We get `d` as `Value(data=1.0)` and `d._prev` as `{Value(data=3.0), Value(data=-2.0)}`, where `Value(data=-2.0)` is from `a*b` and `Value(data=3.0)` is from `c`. 

_Remember that,_
- `d` returns the string representation of `d` because of the `__repr__` function
- `d._prev` contains the dependencies of `d` which is a set.

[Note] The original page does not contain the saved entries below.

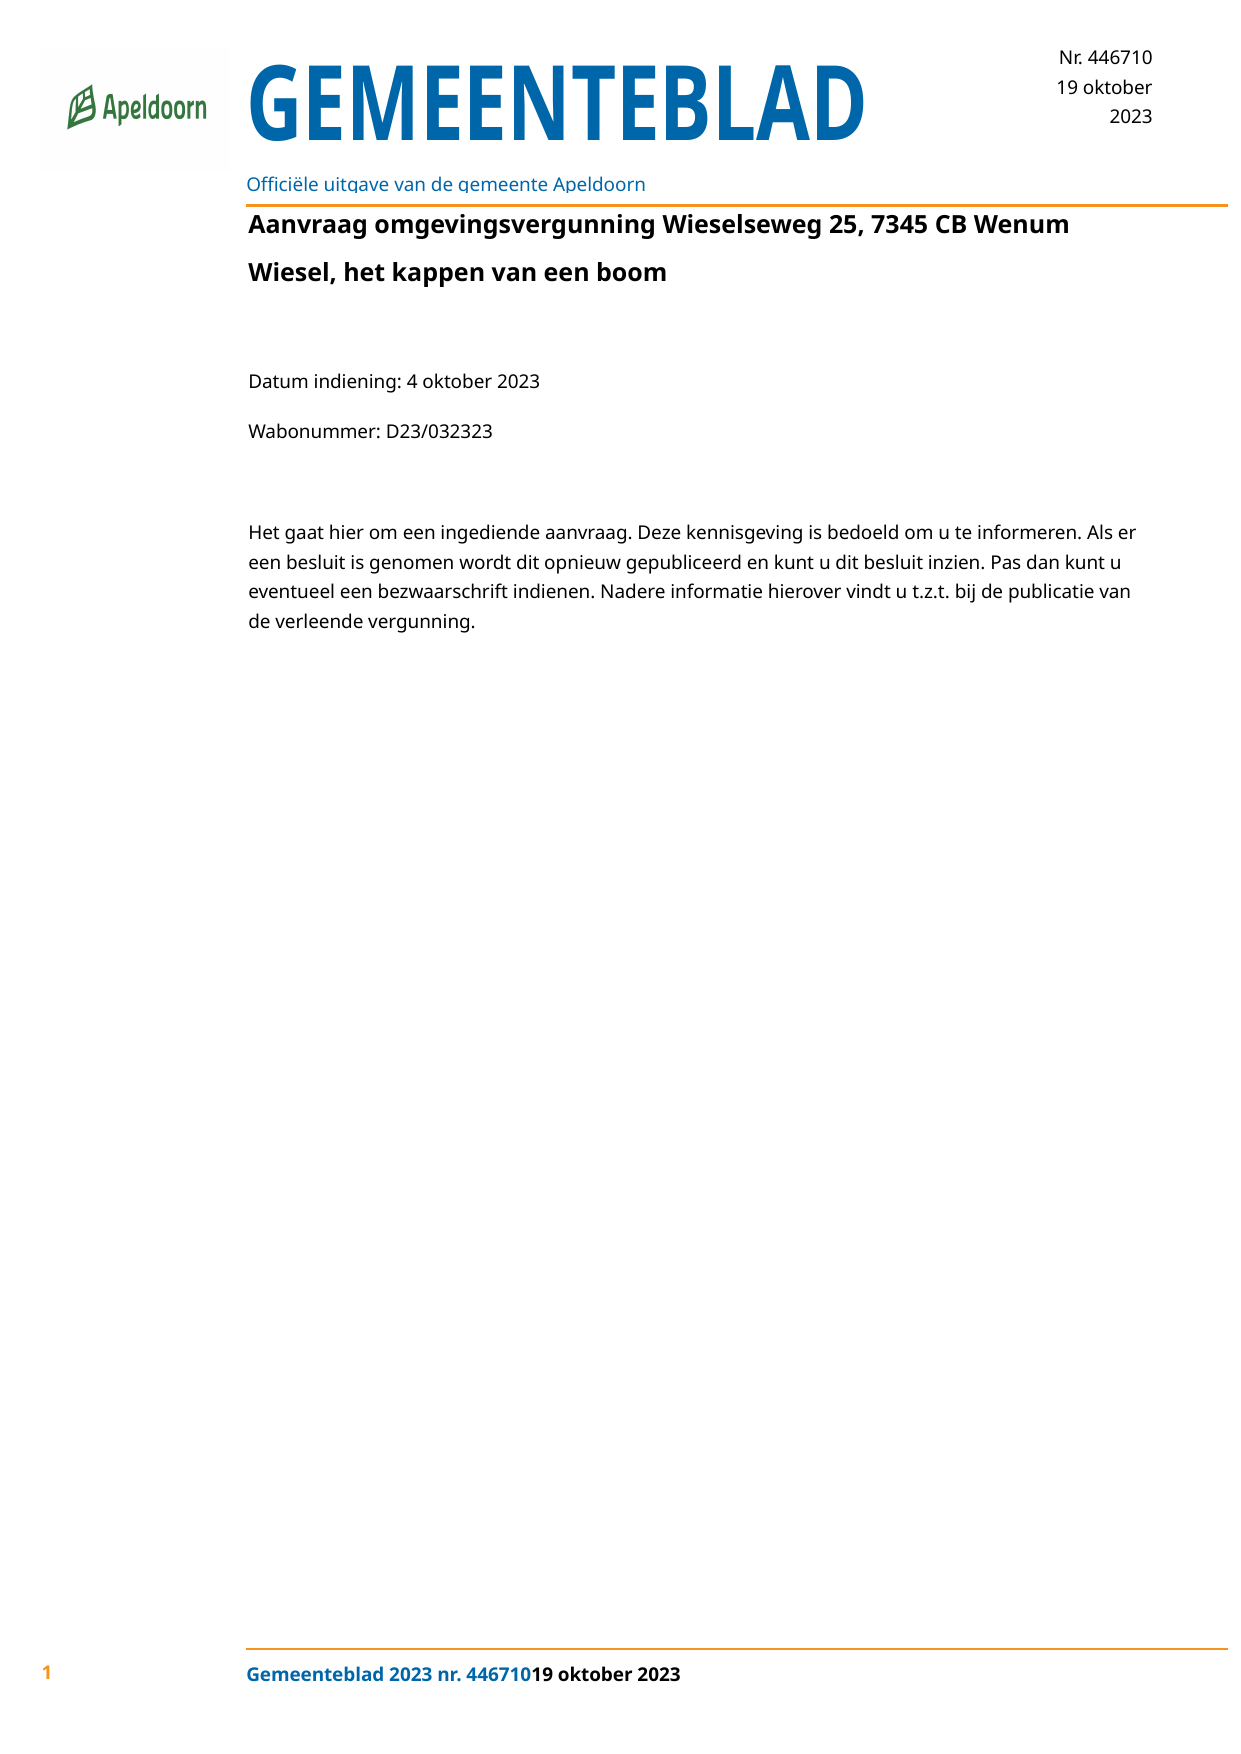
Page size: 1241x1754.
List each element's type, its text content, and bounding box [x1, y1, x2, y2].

text Wabonummer: D23/032323 [248, 419, 1152, 444]
text Het gaat hier om een ingediende aanvraag. Deze kennisgeving is bedoeld om u te informeren. Als er een besluit is genomen wordt dit opnieuw gepubliceerd en kunt u dit besluit inzien. Pas dan kunt u eventueel een bezwaarschrift indienen. Nadere informatie hierover vindt u t.z.t. bij de publicatie van de verleende vergunning. [248, 519, 1152, 634]
text Aanvraag omgevingsvergunning Wieselseweg 25, 7345 CB Wenum Wiesel, het kappen van een boom [248, 207, 1152, 288]
picture [41, 47, 231, 172]
text Datum indiening: 4 oktober 2023 [248, 368, 1152, 394]
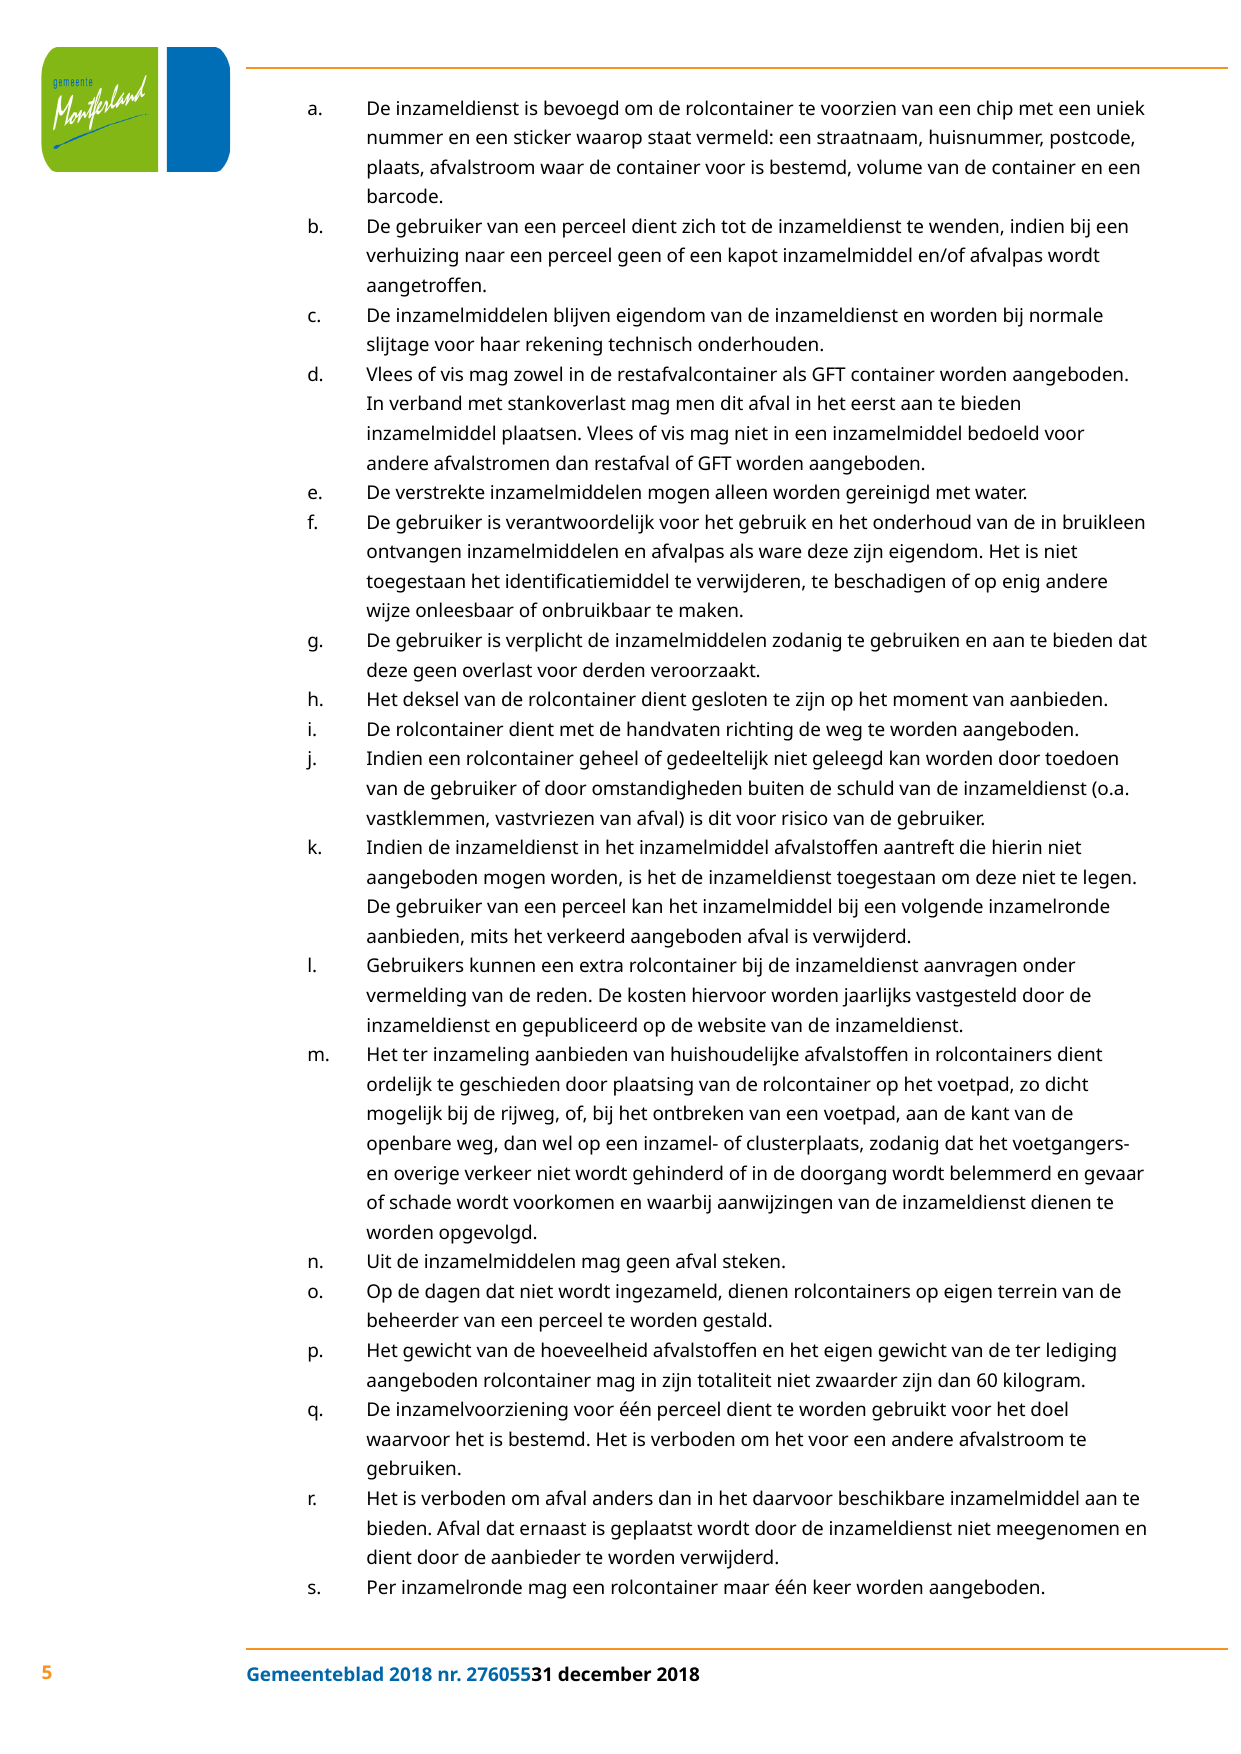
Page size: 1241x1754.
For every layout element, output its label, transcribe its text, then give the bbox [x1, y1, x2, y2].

list De inzamelmiddelen blijven eigendom van de inzameldienst en worden bij normale slijtage voor haar rekening technisch onderhouden. [307, 302, 1152, 357]
list Het ter inzameling aanbieden van huishoudelijke afvalstoffen in rolcontainers dient ordelijk te geschieden door plaatsing van de rolcontainer op het voetpad, zo dicht mogelijk bij de rijweg, of, bij het ontbreken van een voetpad, aan de kant van de openbare weg, dan wel op een inzamel- of clusterplaats, zodanig dat het voetgangers- en overige verkeer niet wordt gehinderd of in de doorgang wordt belemmerd en gevaar of schade wordt voorkomen en waarbij aanwijzingen van de inzameldienst dienen te worden opgevolgd. [307, 1041, 1152, 1245]
list Gebruikers kunnen een extra rolcontainer bij de inzameldienst aanvragen onder vermelding van de reden. De kosten hiervoor worden jaarlijks vastgesteld door de inzameldienst en gepubliceerd op de website van de inzameldienst. [307, 953, 1152, 1038]
list De inzamelvoorziening voor één perceel dient te worden gebruikt voor het doel waarvoor het is bestemd. Het is verboden om het voor een andere afvalstroom te gebruiken. [307, 1396, 1152, 1481]
list De gebruiker is verantwoordelijk voor het gebruik en het onderhoud van de in bruikleen ontvangen inzamelmiddelen en afvalpas als ware deze zijn eigendom. Het is niet toegestaan het identificatiemiddel te verwijderen, te beschadigen of op enig andere wijze onleesbaar of onbruikbaar te maken. [307, 509, 1152, 623]
list De rolcontainer dient met de handvaten richting de weg te worden aangeboden. [307, 716, 1152, 742]
list De verstrekte inzamelmiddelen mogen alleen worden gereinigd met water. [307, 479, 1152, 505]
list Indien de inzameldienst in het inzamelmiddel afvalstoffen aantreft die hierin niet aangeboden mogen worden, is het de inzameldienst toegestaan om deze niet te legen. De gebruiker van een perceel kan het inzamelmiddel bij een volgende inzamelronde aanbieden, mits het verkeerd aangeboden afval is verwijderd. [307, 834, 1152, 949]
list De gebruiker is verplicht de inzamelmiddelen zodanig te gebruiken en aan te bieden dat deze geen overlast voor derden veroorzaakt. [307, 627, 1152, 683]
list Het gewicht van de hoeveelheid afvalstoffen en het eigen gewicht van de ter lediging aangeboden rolcontainer mag in zijn totaliteit niet zwaarder zijn dan 60 kilogram. [307, 1337, 1152, 1393]
list Vlees of vis mag zowel in de restafvalcontainer als GFT container worden aangeboden. In verband met stankoverlast mag men dit afval in het eerst aan te bieden inzamelmiddel plaatsen. Vlees of vis mag niet in een inzamelmiddel bedoeld voor andere afvalstromen dan restafval of GFT worden aangeboden. [307, 361, 1152, 476]
list Het is verboden om afval anders dan in het daarvoor beschikbare inzamelmiddel aan te bieden. Afval dat ernaast is geplaatst wordt door de inzameldienst niet meegenomen en dient door de aanbieder te worden verwijderd. [307, 1485, 1152, 1570]
picture [41, 47, 231, 172]
list De inzameldienst is bevoegd om de rolcontainer te voorzien van een chip met een uniek nummer en een sticker waarop staat vermeld: een straatnaam, huisnummer, postcode, plaats, afvalstroom waar de container voor is bestemd, volume van de container en een barcode. [307, 95, 1152, 209]
list Per inzamelronde mag een rolcontainer maar één keer worden aangeboden. [307, 1574, 1152, 1600]
list Uit de inzamelmiddelen mag geen afval steken. [307, 1248, 1152, 1274]
list Het deksel van de rolcontainer dient gesloten te zijn op het moment van aanbieden. [307, 686, 1152, 712]
list De gebruiker van een perceel dient zich tot de inzameldienst te wenden, indien bij een verhuizing naar een perceel geen of een kapot inzamelmiddel en/of afvalpas wordt aangetroffen. [307, 213, 1152, 298]
list Indien een rolcontainer geheel of gedeeltelijk niet geleegd kan worden door toedoen van de gebruiker of door omstandigheden buiten de schuld van de inzameldienst (o.a. vastklemmen, vastvriezen van afval) is dit voor risico van de gebruiker. [307, 746, 1152, 831]
list Op de dagen dat niet wordt ingezameld, dienen rolcontainers op eigen terrein van de beheerder van een perceel te worden gestald. [307, 1278, 1152, 1333]

By here, we can track `Value` dependencies but not the operations that created them. So we need to make changes in the code so that we can also store the operations. These changes are necessary for precise __backpropagation__, and proper gradient attribution. Therefore, code shall be upgraded as:

In [4]:
class Value:
    def __init__(self,data,_children=(),_op='',label=''):
        self.data=data
        self._prev=set(_children)
        self._op=_op
        self.label=label
    def __repr__(self):
        return f"Value(data={self.data})"
    def __add__(self, other):
        return  Value(self.data+other.data,(self,other),'+')
    def __mul__(self, other):
         return Value(self.data*other.data,(self,other),'*')

Now, we are also tracking the operations:

In [5]:
a=Value(2.0)
b=Value(-1.0)
c=Value(3.0)
d=a*b+c
print(f"{d}\n{d._prev}\n{d._op}")

Value(data=1.0)
{Value(data=3.0), Value(data=-2.0)}
+


Since `d._op` stores `'+'`, representing the last operation (`__add__`) performed to produce `d`.